3
fragments apatrides
1
L'abandonné n'ignore pas sa condamnation, elle l'étreint.
2
Il se demande si le futur aura assez de temps pour enterrer ses racines.
5
En train de se noyer, immobile , à moitié submergé. Un homme englouti dans l'obstacle.
9
Ainsi est remontée la vie dans l'obscurité. Aucun bruit. L'air vide et bientôt la pluie. Et maintenant, tout est coupé maintenant devant le crépuscule parmi les taches de sang. La route recule vers la poussière.
10
Les couleurs absolues l'étreignent jusqu'aux maux qui l'habitent. Le jour est magique et il est sans remède.

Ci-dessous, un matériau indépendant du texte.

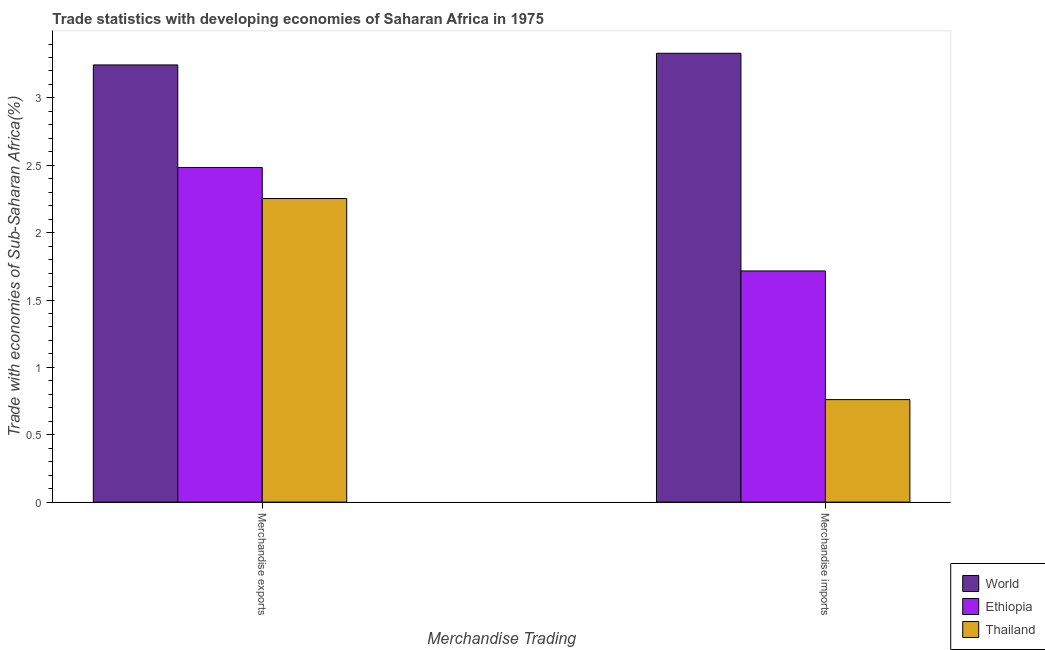How many different coloured bars are there?
Make the answer very short. 3. Are the number of bars per tick equal to the number of legend labels?
Provide a short and direct response. Yes. Are the number of bars on each tick of the X-axis equal?
Keep it short and to the point. Yes. What is the merchandise exports in Thailand?
Give a very brief answer. 2.25. Across all countries, what is the maximum merchandise imports?
Your response must be concise. 3.33. Across all countries, what is the minimum merchandise imports?
Provide a short and direct response. 0.76. In which country was the merchandise imports maximum?
Your answer should be very brief. World. In which country was the merchandise imports minimum?
Your answer should be very brief. Thailand. What is the total merchandise imports in the graph?
Make the answer very short. 5.81. What is the difference between the merchandise imports in World and that in Ethiopia?
Your answer should be very brief. 1.62. What is the difference between the merchandise exports in Ethiopia and the merchandise imports in Thailand?
Ensure brevity in your answer.  1.72. What is the average merchandise imports per country?
Ensure brevity in your answer.  1.94. What is the difference between the merchandise imports and merchandise exports in World?
Keep it short and to the point. 0.09. What is the ratio of the merchandise imports in Ethiopia to that in World?
Offer a terse response. 0.52. In how many countries, is the merchandise exports greater than the average merchandise exports taken over all countries?
Provide a succinct answer. 1. What does the 3rd bar from the left in Merchandise imports represents?
Give a very brief answer. Thailand. What does the 2nd bar from the right in Merchandise imports represents?
Make the answer very short. Ethiopia. Are all the bars in the graph horizontal?
Keep it short and to the point. No. How many countries are there in the graph?
Offer a terse response. 3. How are the legend labels stacked?
Your answer should be compact. Vertical. What is the title of the graph?
Provide a succinct answer. Trade statistics with developing economies of Saharan Africa in 1975. What is the label or title of the X-axis?
Ensure brevity in your answer.  Merchandise Trading. What is the label or title of the Y-axis?
Your response must be concise. Trade with economies of Sub-Saharan Africa(%). What is the Trade with economies of Sub-Saharan Africa(%) of World in Merchandise exports?
Provide a succinct answer. 3.24. What is the Trade with economies of Sub-Saharan Africa(%) of Ethiopia in Merchandise exports?
Keep it short and to the point. 2.48. What is the Trade with economies of Sub-Saharan Africa(%) of Thailand in Merchandise exports?
Provide a succinct answer. 2.25. What is the Trade with economies of Sub-Saharan Africa(%) of World in Merchandise imports?
Ensure brevity in your answer.  3.33. What is the Trade with economies of Sub-Saharan Africa(%) of Ethiopia in Merchandise imports?
Give a very brief answer. 1.72. What is the Trade with economies of Sub-Saharan Africa(%) in Thailand in Merchandise imports?
Provide a short and direct response. 0.76. Across all Merchandise Trading, what is the maximum Trade with economies of Sub-Saharan Africa(%) of World?
Ensure brevity in your answer.  3.33. Across all Merchandise Trading, what is the maximum Trade with economies of Sub-Saharan Africa(%) of Ethiopia?
Offer a very short reply. 2.48. Across all Merchandise Trading, what is the maximum Trade with economies of Sub-Saharan Africa(%) of Thailand?
Keep it short and to the point. 2.25. Across all Merchandise Trading, what is the minimum Trade with economies of Sub-Saharan Africa(%) in World?
Make the answer very short. 3.24. Across all Merchandise Trading, what is the minimum Trade with economies of Sub-Saharan Africa(%) of Ethiopia?
Make the answer very short. 1.72. Across all Merchandise Trading, what is the minimum Trade with economies of Sub-Saharan Africa(%) of Thailand?
Ensure brevity in your answer.  0.76. What is the total Trade with economies of Sub-Saharan Africa(%) in World in the graph?
Provide a succinct answer. 6.58. What is the total Trade with economies of Sub-Saharan Africa(%) in Ethiopia in the graph?
Offer a very short reply. 4.2. What is the total Trade with economies of Sub-Saharan Africa(%) in Thailand in the graph?
Your answer should be very brief. 3.01. What is the difference between the Trade with economies of Sub-Saharan Africa(%) in World in Merchandise exports and that in Merchandise imports?
Make the answer very short. -0.09. What is the difference between the Trade with economies of Sub-Saharan Africa(%) of Ethiopia in Merchandise exports and that in Merchandise imports?
Offer a terse response. 0.77. What is the difference between the Trade with economies of Sub-Saharan Africa(%) in Thailand in Merchandise exports and that in Merchandise imports?
Offer a terse response. 1.49. What is the difference between the Trade with economies of Sub-Saharan Africa(%) in World in Merchandise exports and the Trade with economies of Sub-Saharan Africa(%) in Ethiopia in Merchandise imports?
Keep it short and to the point. 1.53. What is the difference between the Trade with economies of Sub-Saharan Africa(%) of World in Merchandise exports and the Trade with economies of Sub-Saharan Africa(%) of Thailand in Merchandise imports?
Provide a succinct answer. 2.48. What is the difference between the Trade with economies of Sub-Saharan Africa(%) in Ethiopia in Merchandise exports and the Trade with economies of Sub-Saharan Africa(%) in Thailand in Merchandise imports?
Keep it short and to the point. 1.72. What is the average Trade with economies of Sub-Saharan Africa(%) in World per Merchandise Trading?
Keep it short and to the point. 3.29. What is the average Trade with economies of Sub-Saharan Africa(%) in Ethiopia per Merchandise Trading?
Your answer should be very brief. 2.1. What is the average Trade with economies of Sub-Saharan Africa(%) in Thailand per Merchandise Trading?
Offer a terse response. 1.51. What is the difference between the Trade with economies of Sub-Saharan Africa(%) of World and Trade with economies of Sub-Saharan Africa(%) of Ethiopia in Merchandise exports?
Ensure brevity in your answer.  0.76. What is the difference between the Trade with economies of Sub-Saharan Africa(%) in World and Trade with economies of Sub-Saharan Africa(%) in Thailand in Merchandise exports?
Keep it short and to the point. 0.99. What is the difference between the Trade with economies of Sub-Saharan Africa(%) of Ethiopia and Trade with economies of Sub-Saharan Africa(%) of Thailand in Merchandise exports?
Provide a succinct answer. 0.23. What is the difference between the Trade with economies of Sub-Saharan Africa(%) in World and Trade with economies of Sub-Saharan Africa(%) in Ethiopia in Merchandise imports?
Give a very brief answer. 1.62. What is the difference between the Trade with economies of Sub-Saharan Africa(%) of World and Trade with economies of Sub-Saharan Africa(%) of Thailand in Merchandise imports?
Your answer should be very brief. 2.57. What is the difference between the Trade with economies of Sub-Saharan Africa(%) in Ethiopia and Trade with economies of Sub-Saharan Africa(%) in Thailand in Merchandise imports?
Your answer should be compact. 0.95. What is the ratio of the Trade with economies of Sub-Saharan Africa(%) in World in Merchandise exports to that in Merchandise imports?
Provide a succinct answer. 0.97. What is the ratio of the Trade with economies of Sub-Saharan Africa(%) of Ethiopia in Merchandise exports to that in Merchandise imports?
Provide a succinct answer. 1.45. What is the ratio of the Trade with economies of Sub-Saharan Africa(%) of Thailand in Merchandise exports to that in Merchandise imports?
Provide a succinct answer. 2.96. What is the difference between the highest and the second highest Trade with economies of Sub-Saharan Africa(%) in World?
Your answer should be very brief. 0.09. What is the difference between the highest and the second highest Trade with economies of Sub-Saharan Africa(%) in Ethiopia?
Your answer should be compact. 0.77. What is the difference between the highest and the second highest Trade with economies of Sub-Saharan Africa(%) of Thailand?
Provide a short and direct response. 1.49. What is the difference between the highest and the lowest Trade with economies of Sub-Saharan Africa(%) of World?
Your answer should be compact. 0.09. What is the difference between the highest and the lowest Trade with economies of Sub-Saharan Africa(%) of Ethiopia?
Your answer should be compact. 0.77. What is the difference between the highest and the lowest Trade with economies of Sub-Saharan Africa(%) in Thailand?
Give a very brief answer. 1.49.

Et le glaive dur et têtu partage le temps, debout sur l'aube ordinaire.
12
Et parfois, il n'a de l'horizon qu'un goût de rêve noué à des paroles ordinaires. Une ligne de rails et de tunnels, de l'aube au crépuscule, entrecoupée de quelques gares. A force vient l'effroi.
13
De banlieue en capitale - et inversement - son oeil avale du fer et des foules. C'est l'espace abyssal où s'use le dieu humain, à la longue écho brouillé d'une innocence inhabitable.
15
Il appelle en secret une jubilation, là où tous les sommets chantent d'une seule voix. Horreur glacée d'une existence trop habituelle.
17
Des semaines entières à remuer corps et âme. Tellement que ce désir de grâce absolue devenait inutile. Il éblouissait sans attendre son innocence.
19
Le royaume... Indéchiffrable tant que le labyrinthe vous épuise. Avant la nuit mystique et qui ravit.
20
Avant la nuit magnétique aux larges ailes. Hors des serres étouffantes, le voyage indolent vers le nom au-delà des nombres.
22
Chair qui brûle ses nuits en compagnie des lions. Reine qu'on reconduit ainsi vers le rêve d'un nouveau jour. Ainsi mille fois perdu le temps au gré des vagues enturbannées d'écume.
23
Sans trêve vient le désir furieux de splendeur, l'amour déconcertant comme l'éternel héros du condamné qui ne franchit pas son pas vers l'autre.
24
Cette nuit comme d'autres nuits. Il cherche dans les géométries ces instants nomades qui s'inventent tout à coup des perplexités.
26
Marcher dans le monde. D'année en année marcher sans foudre ni frisson. Et dans la nuit partir et revenir dans la nuit.
30
Dans la nuit des écritures, il déambule sans changer de lieu, le visage dispersé. Au commencement des signes.
31
Ainsi vont foisonner les jardins. Une effervescence paisible règnera. Une étreinte gracieuse où respirer en toute conscience.
33
Des lumières fourmillent comme des éclats de verre. Des soifs aveugles font des signes. Nids et déserts.
34
Dans une diagonale du miroir - prisonnier des profondeurs inhabitables - le ciel inversé du silence.
35
Son nom n'est pas son nom. Un nom accidentel annula ses ancêtres. Sur eux s'est refermée la terre splendide et atroce.
38
Des êtres humains qui ne sont plus vivants. Tous identiques. Mangés par le poison du bonheur. Mais qui peut échapper à l'Esprit ? Grande gamme de vérités après minuit et les murs.
39
Vision d'une virginité après les ruines, après les ailes déchirées et l'oeil enfoui dans son trou noir.